At SAFE Project, our Communities initiative exists at the intersection of policy, practice, and people. Our work is focused on strengthening the bridges between prevention, harm reduction, treatment, recovery, and reentry.
From the SAFE Communities Director
Rachel Bowling
Hello, and happy March! I’m Rachel Bowling, the new Director of the SAFE Communities Initiative at SAFE Project. I’m thrilled to step into this role and look forward to building meaningful partnerships that strengthen communities through prevention and awareness.
At SAFE Project, our Communities initiative exists at the intersection of policy, practice, and people. Right now, our work is focused on strengthening the bridges tissue between prevention, harm reduction, treatment, recovery, and reentry.

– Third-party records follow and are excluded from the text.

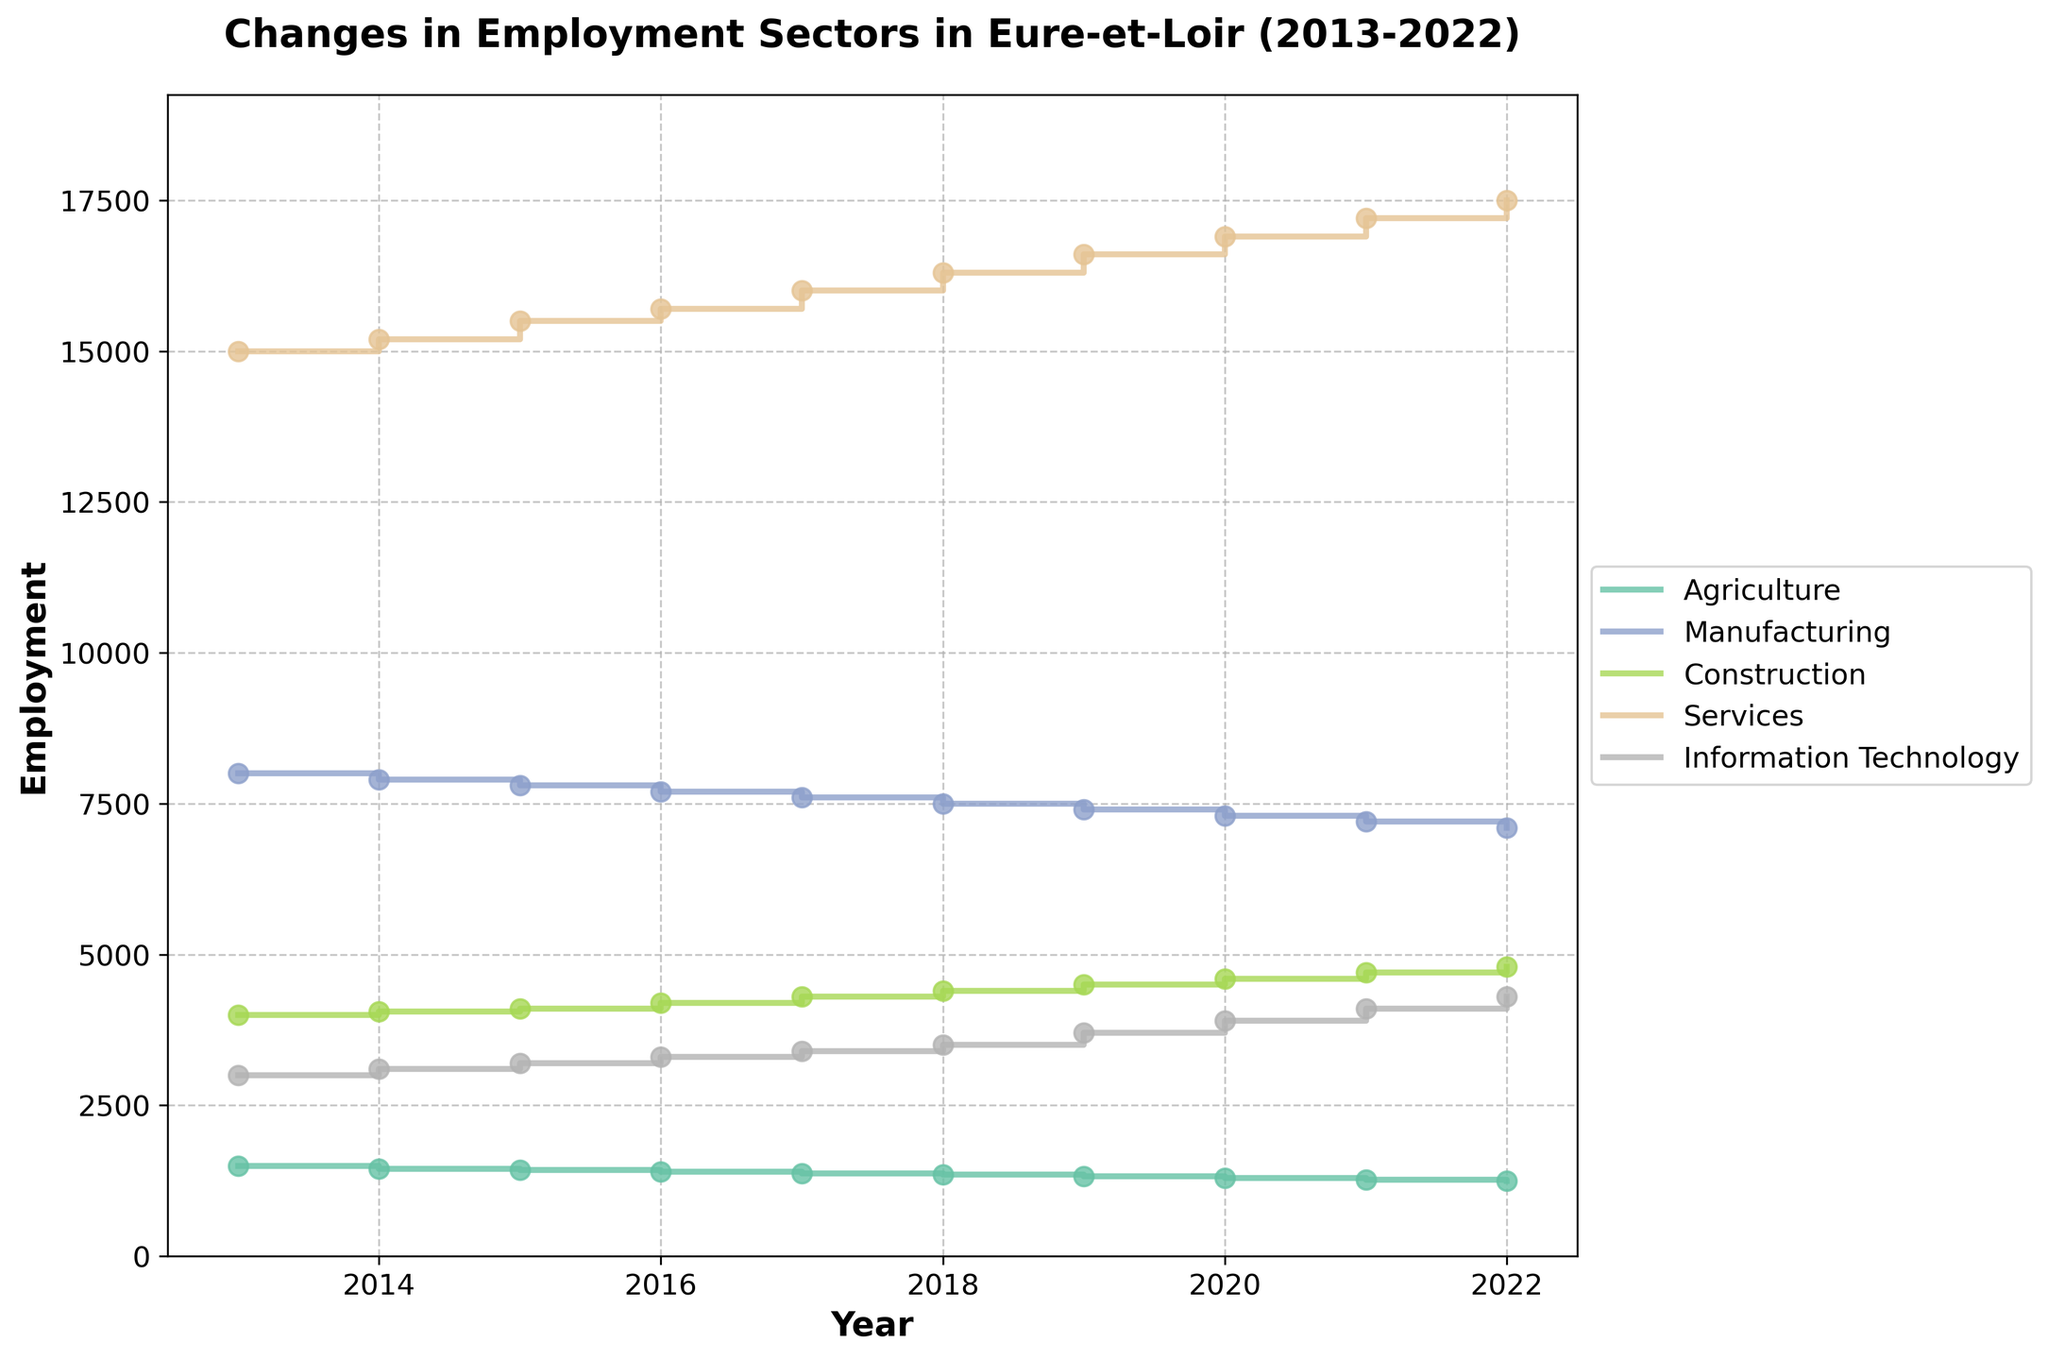what is the total employment in services for the year 2017? To find the total employment in the services sector for 2017, look at the data point where the services line intersects with the year 2017. Here, the value is 16,000.
Answer: 16,000 Which sector had the highest employment in 2022? To determine which sector had the highest employment in 2022, compare the endpoints of the lines in 2022. The services sector has the highest endpoint at 17,500.
Answer: Services How did employment in manufacturing change from 2013 to 2022? The employment in manufacturing in 2013 was 8,000, and in 2022 it was 7,100. Calculate the difference: 8,000 - 7,100 = 900. So, employment decreased by 900 jobs.
Answer: Decreased by 900 Among all sectors, which one shows a consistent increase in employment over the years? To identify a consistent increase, trace each line from 2013 to 2022. The Information Technology sector shows a steady upward trend without any dips.
Answer: Information Technology How much did the employment in the agriculture sector decrease from 2013 to 2019? The employment in agriculture in 2013 was 1,500, and in 2019 it was 1,320. Calculate the difference: 1,500 - 1,320 = 180. So, employment decreased by 180 jobs.
Answer: Decreased by 180 How does the employment in construction in 2020 compare to that in 2014? Employment in construction in 2020 is 4,600, and in 2014 it is 4,050. Therefore, it increased by 550 jobs (4,600 - 4,050 = 550).
Answer: Increased by 550 Which sector experienced the largest absolute change in employment between 2013 and 2022? Calculate the absolute change for each sector:
- Agriculture: 1500 - 1250 = 250
- Manufacturing: 8000 - 7100 = 900
- Construction: 4000 - 4800 = 800
- Services: 15000 - 17500 = 2500
- Information Technology: 3000 - 4300 = 1300
The services sector experienced the largest absolute change with 2,500 jobs.
Answer: Services What was the employment trend for the agriculture sector over the decade? Trace the line representing the agriculture sector from 2013 to 2022, showing a steady decline each year.
Answer: Steady decline In which year did the IT sector employment surpass 4,000? Trace the IT sector line and locate the year where it first surpasses the 4,000 mark. It happens in 2021.
Answer: 2021 
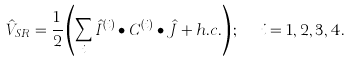Convert formula to latex. <formula><loc_0><loc_0><loc_500><loc_500>\hat { V } _ { S R } = \frac { 1 } { 2 } \left ( \sum _ { i } \hat { I } ^ { ( i ) } \bullet { C } ^ { ( i ) } \bullet \hat { J } + h . c . \right ) ; \ \ i = 1 , 2 , 3 , 4 .</formula> 
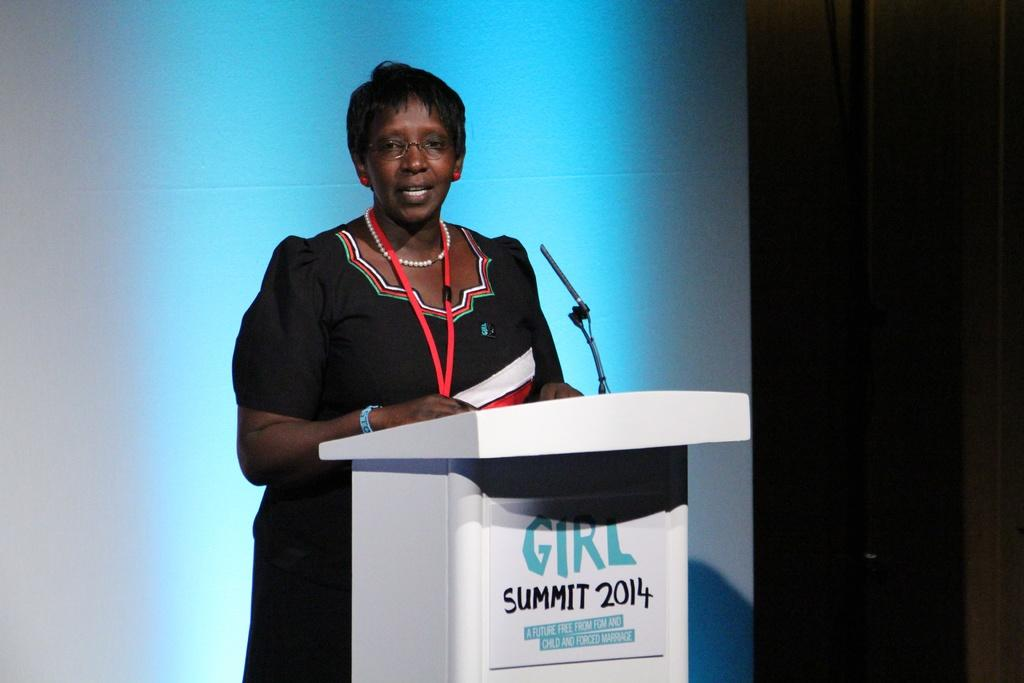<image>
Summarize the visual content of the image. A black lady speaking at a podium for Girl Summit 2014. 
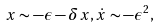Convert formula to latex. <formula><loc_0><loc_0><loc_500><loc_500>x \sim - \epsilon - \delta x , \dot { x } \sim - \epsilon ^ { 2 } ,</formula> 
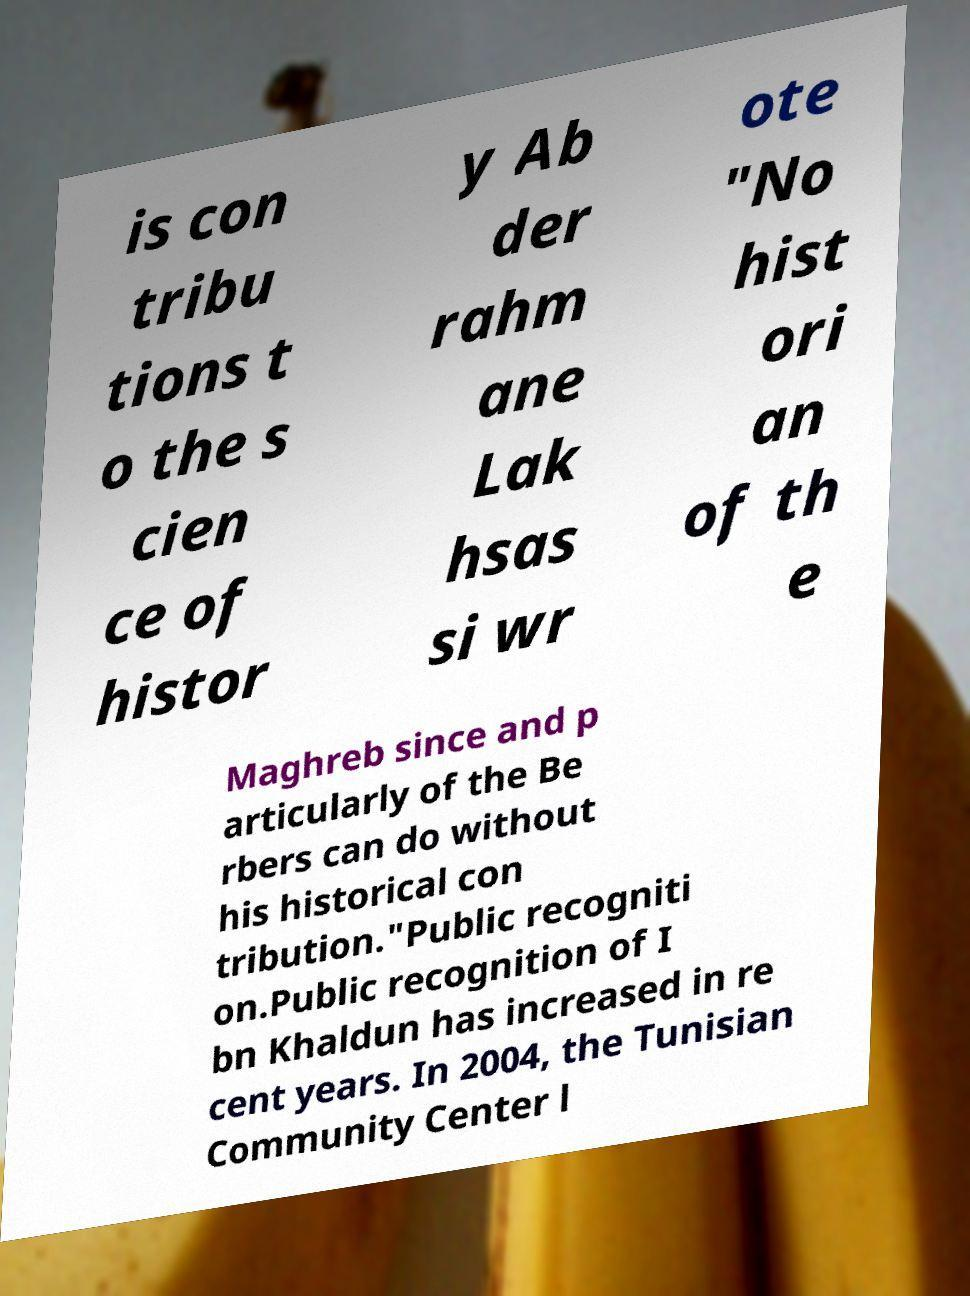Could you assist in decoding the text presented in this image and type it out clearly? is con tribu tions t o the s cien ce of histor y Ab der rahm ane Lak hsas si wr ote "No hist ori an of th e Maghreb since and p articularly of the Be rbers can do without his historical con tribution."Public recogniti on.Public recognition of I bn Khaldun has increased in re cent years. In 2004, the Tunisian Community Center l 
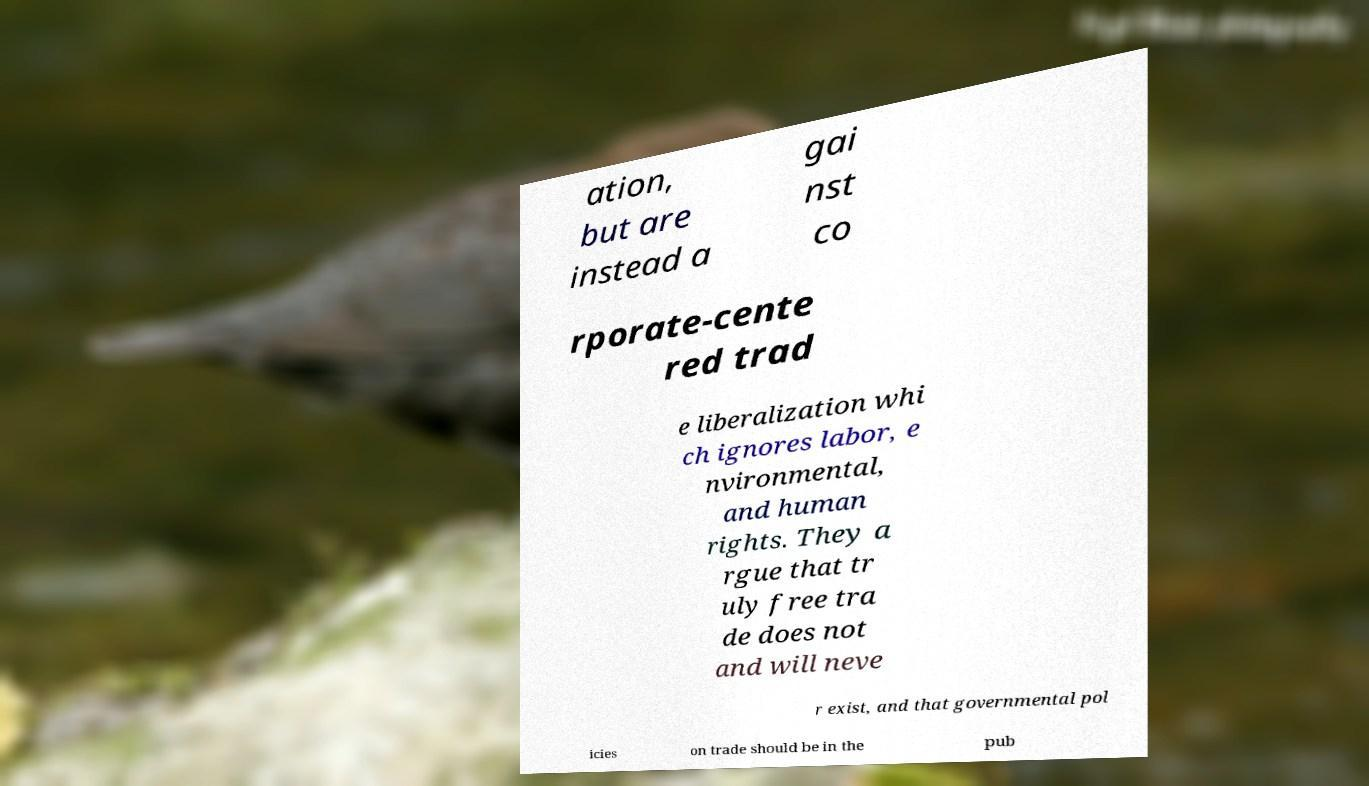What messages or text are displayed in this image? I need them in a readable, typed format. ation, but are instead a gai nst co rporate-cente red trad e liberalization whi ch ignores labor, e nvironmental, and human rights. They a rgue that tr uly free tra de does not and will neve r exist, and that governmental pol icies on trade should be in the pub

We recognize this is no small task, but communities experience these as interconnected systems even when funding streams and siloed institutions don’t.
A major focus is the Integrated-Forensic Peer Recovery Specialist (I-FPRS) program, which supports peers working with justice-involved individuals navigating reentry. We recognize that people leaving incarceration face overlapping barriers (housing restrictions, employment bans, disrupted healthcare, family separation, and elevated overdose risk) that require more than a single intervention or philosophy. Our goal is to equip peers with the skills, context, and ethical grounding to support people through these transitions in ways that are realistic, humane, and responsive to local conditions.
Alongside this, Communities is investing in narrative change. We’re working to elevate stories that reflect the full breadth of substance use and recovery. That means looking not just at outcomes, but at processes; not just at success, but at moral complexity in all of its confusing manifestations. This includes highlighting community-driven models and personal narratives that don’t always fit neatly into dominant frameworks, yet demonstrably reduce harm, increase stability, and give insight into the real process of recovery. I encourage you to read our Recovery Story of the quarter as an example of this.
And now, a very little bit about me. My background spans street-based crisis response, housing and reentry support, policy analysis, and addiction studies. I came into this field through both professional training and lived experience, which has shaped how I understand recovery not as a single destination, but as a set of evolving relationships: to self, to community, and to systems of care. I hold a firm belief that credibility comes from listening as much as it does from expertise, and that solutions imposed without community ownership rarely last.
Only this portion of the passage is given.